(Source material)

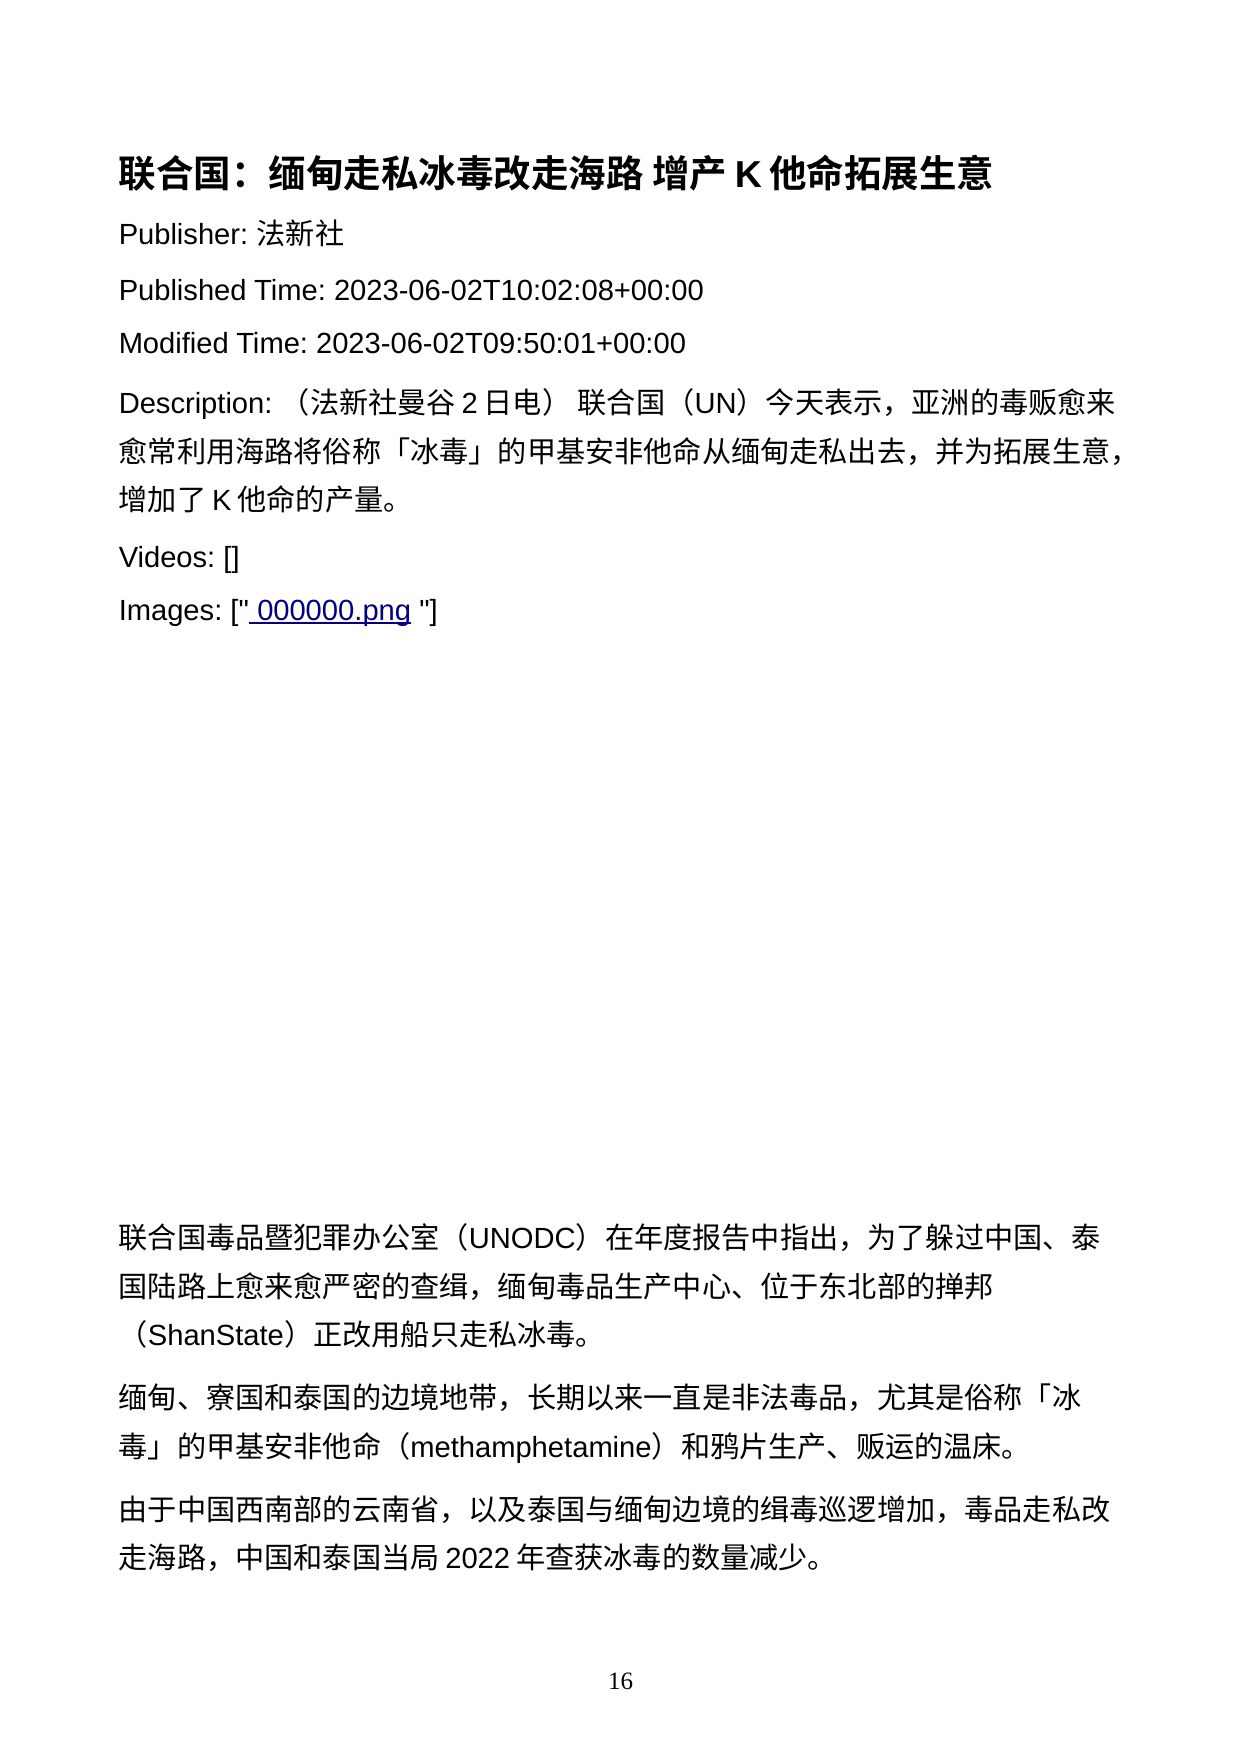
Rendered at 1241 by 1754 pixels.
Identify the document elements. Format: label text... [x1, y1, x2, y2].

text Videos: [] [118, 540, 1122, 573]
text 由于中国西南部的云南省，以及泰国与缅甸边境的缉毒巡逻增加，毒品走私改走海路，中国和泰国当局2022年查获冰毒的数量减少。 [118, 1486, 1122, 1577]
text Images: [" 000000.png "] [118, 593, 1122, 627]
text Modified Time: 2023-06-02T09:50:01+00:00 [118, 327, 1122, 360]
subtitle 联合国：缅甸走私冰毒改走海路 增产K他命拓展生意 [118, 143, 1122, 198]
text Publisher: 法新社 [118, 210, 1122, 253]
text 缅甸、寮国和泰国的边境地带，长期以来一直是非法毒品，尤其是俗称「冰毒」的甲基安非他命（methamphetamine）和鸦片生产、贩运的温床。 [118, 1375, 1122, 1466]
text 联合国毒品暨犯罪办公室（UNODC）在年度报告中指出，为了躲过中国、泰国陆路上愈来愈严密的查缉，缅甸毒品生产中心、位于东北部的掸邦（ShanState）正改用船只走私冰毒。 [118, 1214, 1122, 1354]
text Published Time: 2023-06-02T10:02:08+00:00 [118, 273, 1122, 307]
text Description: （法新社曼谷2日电） 联合国（UN）今天表示，亚洲的毒贩愈来愈常利用海路将俗称「冰毒」的甲基安非他命从缅甸走私出去，并为拓展生意，增加了K他命的产量。 [118, 380, 1122, 519]

(End Source material)

[Task item]
The answer should be the full material above, printed exactly, with no pictures in it.

[Response to this exercise]
Rendered at 1241 by 1754 pixels.
Identify the document elements. Format: label text... [x1, y1, x2, y2].

text Videos: [] [118, 540, 1122, 573]
text 由于中国西南部的云南省，以及泰国与缅甸边境的缉毒巡逻增加，毒品走私改走海路，中国和泰国当局2022年查获冰毒的数量减少。 [118, 1486, 1122, 1577]
text Images: [" 000000.png "] [118, 593, 1122, 627]
text Modified Time: 2023-06-02T09:50:01+00:00 [118, 327, 1122, 360]
subtitle 联合国：缅甸走私冰毒改走海路 增产K他命拓展生意 [118, 143, 1122, 198]
text Publisher: 法新社 [118, 210, 1122, 253]
text 缅甸、寮国和泰国的边境地带，长期以来一直是非法毒品，尤其是俗称「冰毒」的甲基安非他命（methamphetamine）和鸦片生产、贩运的温床。 [118, 1375, 1122, 1466]
text 联合国毒品暨犯罪办公室（UNODC）在年度报告中指出，为了躲过中国、泰国陆路上愈来愈严密的查缉，缅甸毒品生产中心、位于东北部的掸邦（ShanState）正改用船只走私冰毒。 [118, 1214, 1122, 1354]
text Published Time: 2023-06-02T10:02:08+00:00 [118, 273, 1122, 307]
text Description: （法新社曼谷2日电） 联合国（UN）今天表示，亚洲的毒贩愈来愈常利用海路将俗称「冰毒」的甲基安非他命从缅甸走私出去，并为拓展生意，增加了K他命的产量。 [118, 380, 1122, 519]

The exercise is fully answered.